__AVAILABLE DATA__
- Opening Delimiter -

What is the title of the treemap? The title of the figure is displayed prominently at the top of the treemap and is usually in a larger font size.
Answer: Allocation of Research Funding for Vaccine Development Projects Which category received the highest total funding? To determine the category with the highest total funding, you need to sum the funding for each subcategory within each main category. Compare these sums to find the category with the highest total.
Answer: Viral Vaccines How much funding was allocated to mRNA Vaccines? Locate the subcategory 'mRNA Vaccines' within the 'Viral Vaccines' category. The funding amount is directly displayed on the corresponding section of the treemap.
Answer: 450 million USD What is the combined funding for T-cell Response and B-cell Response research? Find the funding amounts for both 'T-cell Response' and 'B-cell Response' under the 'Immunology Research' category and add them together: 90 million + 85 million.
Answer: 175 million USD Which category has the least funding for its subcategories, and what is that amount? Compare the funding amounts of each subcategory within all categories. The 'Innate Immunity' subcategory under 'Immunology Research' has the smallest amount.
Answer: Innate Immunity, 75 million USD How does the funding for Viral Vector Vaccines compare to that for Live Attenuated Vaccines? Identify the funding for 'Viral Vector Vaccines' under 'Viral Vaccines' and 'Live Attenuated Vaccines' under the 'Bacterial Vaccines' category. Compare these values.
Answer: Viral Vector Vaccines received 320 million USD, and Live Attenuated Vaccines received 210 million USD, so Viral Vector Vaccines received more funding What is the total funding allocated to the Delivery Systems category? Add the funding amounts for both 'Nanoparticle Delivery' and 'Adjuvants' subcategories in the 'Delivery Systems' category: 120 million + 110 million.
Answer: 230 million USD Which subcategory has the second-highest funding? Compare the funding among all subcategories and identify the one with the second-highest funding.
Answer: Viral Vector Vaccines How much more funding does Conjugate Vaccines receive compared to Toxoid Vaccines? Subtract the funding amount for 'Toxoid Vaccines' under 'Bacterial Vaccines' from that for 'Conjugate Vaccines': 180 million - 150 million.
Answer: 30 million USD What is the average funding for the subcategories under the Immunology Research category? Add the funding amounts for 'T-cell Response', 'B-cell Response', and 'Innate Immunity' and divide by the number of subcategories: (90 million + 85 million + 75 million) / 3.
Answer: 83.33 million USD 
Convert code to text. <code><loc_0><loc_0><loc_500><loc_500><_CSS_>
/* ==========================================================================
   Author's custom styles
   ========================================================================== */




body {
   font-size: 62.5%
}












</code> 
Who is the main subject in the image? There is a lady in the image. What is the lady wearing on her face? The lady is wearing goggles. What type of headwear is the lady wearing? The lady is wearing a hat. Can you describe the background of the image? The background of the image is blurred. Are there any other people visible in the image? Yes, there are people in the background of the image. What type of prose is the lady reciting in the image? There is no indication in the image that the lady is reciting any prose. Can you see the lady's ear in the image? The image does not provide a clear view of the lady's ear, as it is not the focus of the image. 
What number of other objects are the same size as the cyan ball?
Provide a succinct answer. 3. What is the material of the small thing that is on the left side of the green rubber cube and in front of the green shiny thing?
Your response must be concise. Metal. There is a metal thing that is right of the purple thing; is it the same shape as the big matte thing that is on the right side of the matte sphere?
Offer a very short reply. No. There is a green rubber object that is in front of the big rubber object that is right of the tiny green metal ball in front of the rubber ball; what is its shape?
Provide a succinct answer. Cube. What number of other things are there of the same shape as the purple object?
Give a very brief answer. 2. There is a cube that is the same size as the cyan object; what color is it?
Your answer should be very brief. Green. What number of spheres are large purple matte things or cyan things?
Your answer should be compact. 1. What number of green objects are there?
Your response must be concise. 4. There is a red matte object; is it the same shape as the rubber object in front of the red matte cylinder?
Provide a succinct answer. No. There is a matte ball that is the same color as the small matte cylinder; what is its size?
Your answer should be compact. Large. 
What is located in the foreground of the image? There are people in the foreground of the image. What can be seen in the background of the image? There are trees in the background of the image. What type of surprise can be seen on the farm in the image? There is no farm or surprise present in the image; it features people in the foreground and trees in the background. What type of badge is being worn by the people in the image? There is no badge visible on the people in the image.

- Closing Delimiter -

__PROBLEM STATEMENT__
For every entry in the records above, write an exact copy.

__OUTPUT BELOW__
What is the title of the treemap? The title of the figure is displayed prominently at the top of the treemap and is usually in a larger font size.
Answer: Allocation of Research Funding for Vaccine Development Projects Which category received the highest total funding? To determine the category with the highest total funding, you need to sum the funding for each subcategory within each main category. Compare these sums to find the category with the highest total.
Answer: Viral Vaccines How much funding was allocated to mRNA Vaccines? Locate the subcategory 'mRNA Vaccines' within the 'Viral Vaccines' category. The funding amount is directly displayed on the corresponding section of the treemap.
Answer: 450 million USD What is the combined funding for T-cell Response and B-cell Response research? Find the funding amounts for both 'T-cell Response' and 'B-cell Response' under the 'Immunology Research' category and add them together: 90 million + 85 million.
Answer: 175 million USD Which category has the least funding for its subcategories, and what is that amount? Compare the funding amounts of each subcategory within all categories. The 'Innate Immunity' subcategory under 'Immunology Research' has the smallest amount.
Answer: Innate Immunity, 75 million USD How does the funding for Viral Vector Vaccines compare to that for Live Attenuated Vaccines? Identify the funding for 'Viral Vector Vaccines' under 'Viral Vaccines' and 'Live Attenuated Vaccines' under the 'Bacterial Vaccines' category. Compare these values.
Answer: Viral Vector Vaccines received 320 million USD, and Live Attenuated Vaccines received 210 million USD, so Viral Vector Vaccines received more funding What is the total funding allocated to the Delivery Systems category? Add the funding amounts for both 'Nanoparticle Delivery' and 'Adjuvants' subcategories in the 'Delivery Systems' category: 120 million + 110 million.
Answer: 230 million USD Which subcategory has the second-highest funding? Compare the funding among all subcategories and identify the one with the second-highest funding.
Answer: Viral Vector Vaccines How much more funding does Conjugate Vaccines receive compared to Toxoid Vaccines? Subtract the funding amount for 'Toxoid Vaccines' under 'Bacterial Vaccines' from that for 'Conjugate Vaccines': 180 million - 150 million.
Answer: 30 million USD What is the average funding for the subcategories under the Immunology Research category? Add the funding amounts for 'T-cell Response', 'B-cell Response', and 'Innate Immunity' and divide by the number of subcategories: (90 million + 85 million + 75 million) / 3.
Answer: 83.33 million USD 
Convert code to text. <code><loc_0><loc_0><loc_500><loc_500><_CSS_>
/* ==========================================================================
   Author's custom styles
   ========================================================================== */




body {
   font-size: 62.5%
}












</code> 
Who is the main subject in the image? There is a lady in the image. What is the lady wearing on her face? The lady is wearing goggles. What type of headwear is the lady wearing? The lady is wearing a hat. Can you describe the background of the image? The background of the image is blurred. Are there any other people visible in the image? Yes, there are people in the background of the image. What type of prose is the lady reciting in the image? There is no indication in the image that the lady is reciting any prose. Can you see the lady's ear in the image? The image does not provide a clear view of the lady's ear, as it is not the focus of the image. 
What number of other objects are the same size as the cyan ball?
Provide a succinct answer. 3. What is the material of the small thing that is on the left side of the green rubber cube and in front of the green shiny thing?
Your response must be concise. Metal. There is a metal thing that is right of the purple thing; is it the same shape as the big matte thing that is on the right side of the matte sphere?
Offer a very short reply. No. There is a green rubber object that is in front of the big rubber object that is right of the tiny green metal ball in front of the rubber ball; what is its shape?
Provide a succinct answer. Cube. What number of other things are there of the same shape as the purple object?
Give a very brief answer. 2. There is a cube that is the same size as the cyan object; what color is it?
Your answer should be very brief. Green. What number of spheres are large purple matte things or cyan things?
Your answer should be compact. 1. What number of green objects are there?
Your response must be concise. 4. There is a red matte object; is it the same shape as the rubber object in front of the red matte cylinder?
Provide a succinct answer. No. There is a matte ball that is the same color as the small matte cylinder; what is its size?
Your answer should be compact. Large. 
What is located in the foreground of the image? There are people in the foreground of the image. What can be seen in the background of the image? There are trees in the background of the image. What type of surprise can be seen on the farm in the image? There is no farm or surprise present in the image; it features people in the foreground and trees in the background. What type of badge is being worn by the people in the image? There is no badge visible on the people in the image.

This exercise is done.